Spanner: A right database choice for application with billion of users

4 min readMay 24, 2024

How things change if you need to support billion of users?

Moment you are designing your application to serve the billion of users, many key decision needs to be taken to store data.

Replicate data to avoid loosing on failure of disk
Shard data to avoid hitting the physical limit of single machine storage.
Geo shard data to support local law to store the user’s data to the boundary of regional territory.
Transaction support to simplify the data write.
Backup of your data to deal with unforeseen reason which may delete your data.
Low latency read/write.
High throughput
Easy to manage & many more other reason

How NoSQL polluted the industry as plastic polluted the earth?

15 years back, most of the relational database struggle to scale when data started growing in terabytes. Replication and sharding was another bottleneck with relational database.

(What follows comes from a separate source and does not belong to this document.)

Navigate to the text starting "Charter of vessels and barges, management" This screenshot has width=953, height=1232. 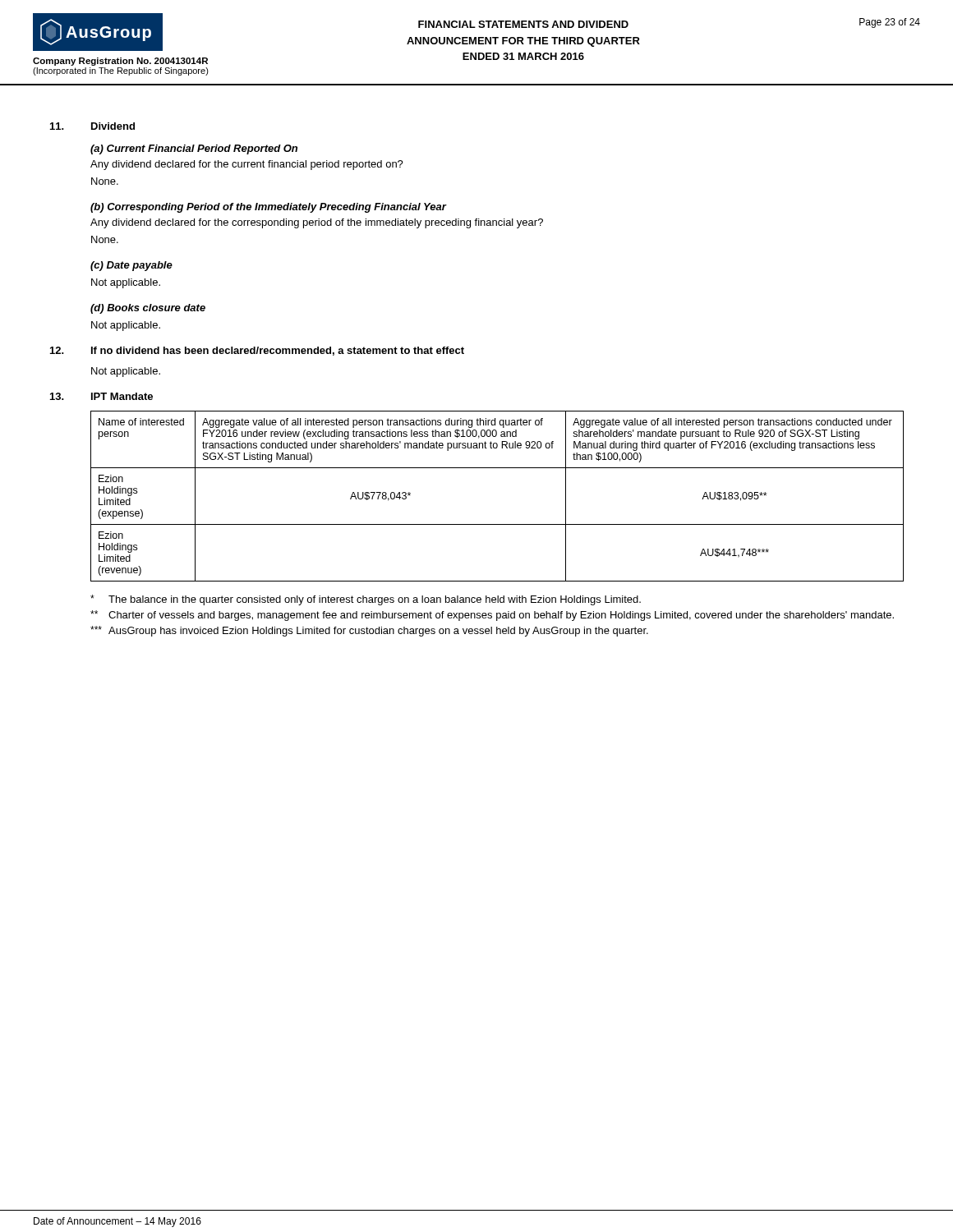(x=497, y=615)
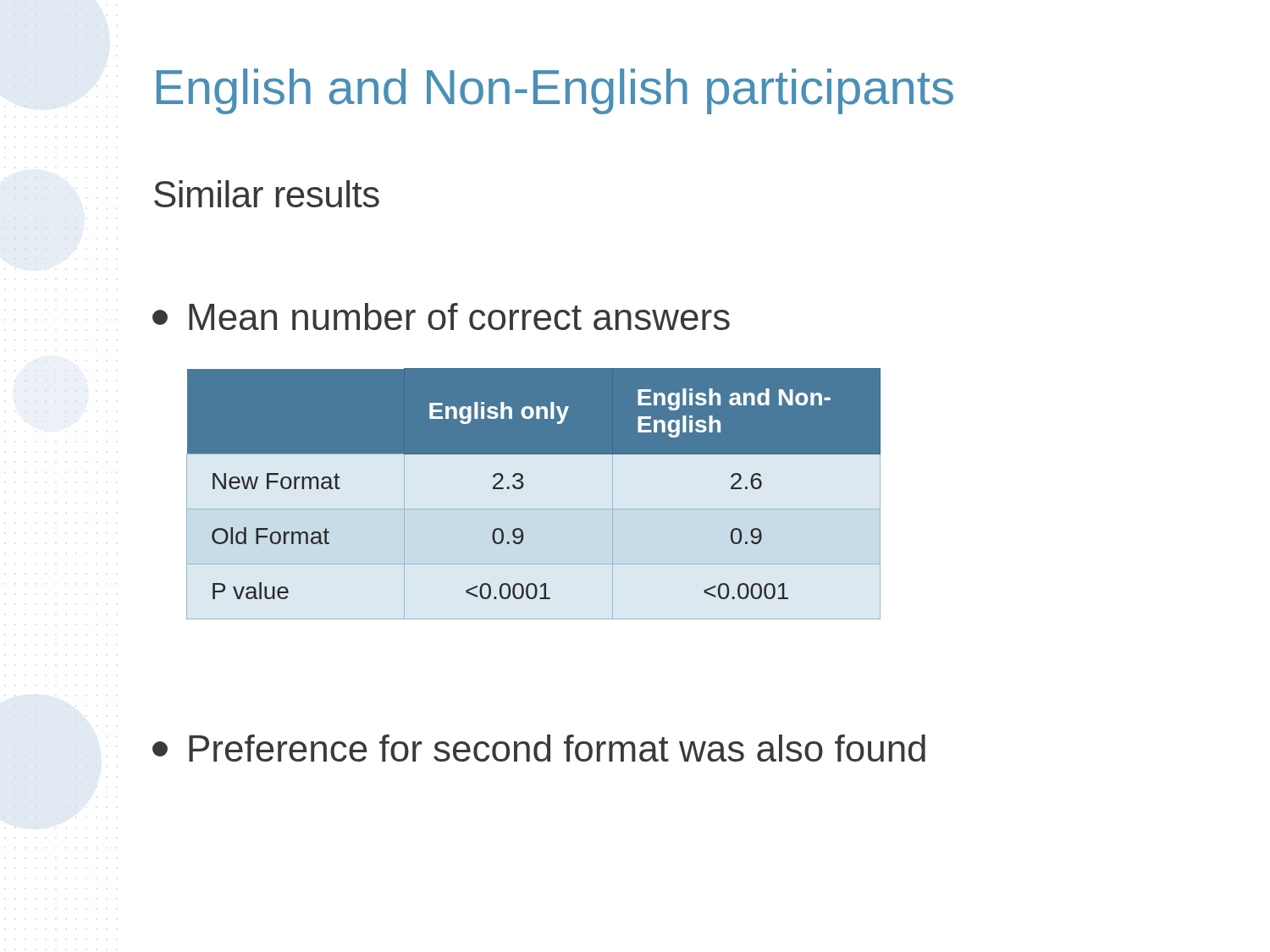Find "Similar results" on this page
The image size is (1270, 952).
pyautogui.click(x=266, y=194)

This lead to evolution of NoSQL database which doesn’t support transaction but does support replication and sharding. This lead to massive adoption of NoSQL as it was easy to use and well suited for future inspiration to serve billion of users.

But NoSQL specially lack of strong transaction lead to eventual consistency paradigm. It lead to compromise on many user experience and put a burden on developer to design algorithm to handle the eventual consistency. Please note; as a user, user never liked eventual consistent experience. User would like to see the update data should be reflected as immediately as possible.

As plastic was easy to adopt, manufacturing industries replaced metal, wood, glass etc material with plastic. Which lead to massive trash problem to earth and broke many ecosystem.

Similarly NoSQL polluted the Software industry under the umbrella of eventual consistency.

Why Spanner is best?

Support strong transaction across the shards.
Spanner usages Table design to store data which makes it natural for others to learn quickly.
Spanner maintains max 4GB of replica data size, if data grow then it splits into smaller chunks and move to different replica to keep the size small.
Allow grouping of data which can be configured to respect the geo boundary.
Takes care of sharding based on primary key and group defined.
It can support more than peta bytes of data with million of groups.
Multi version support easy backup and allow user to decide strong vs snapshot read.
Commit timestamp are created based on TrueTime and in microseconds. It allows application to use it as primary key.
Due to strong transaction across shards, now application doesn’t need to worry about eventual consistencies.
It does support Queue. Due to multi table/queue transaction support, now in same write request, you can guaranteed that data is written into both tabel and in Queue for async processing. This was one of the drawback for other database or if you need to use database as well as Queue system separately.
Hosted on GCP and provides infinite scale.

High level Spanner achitecture

Data is defined as table.

Does support foreign key concept.

Support directory table concpet to interleaved data to keep related data on same machine which lead to faster query.

Split rows to optimize the storage limit of ~4GB as default value.

Group set of splits to replicate together.

Replicates data (called tablets)

Use TrueTime to solve the globally unique time.

For more details, please refer to Paper https://www.usenix.org/conference/osdi12/technical-sessions/presentation/corbett

Conclusion

Spanner is distributed transaction database available on Google Cloud. It is a battle tested product as almost all product within Google does use Spanner. If you are looking for database for your application with billions of user then Spanner would be a rigth choice.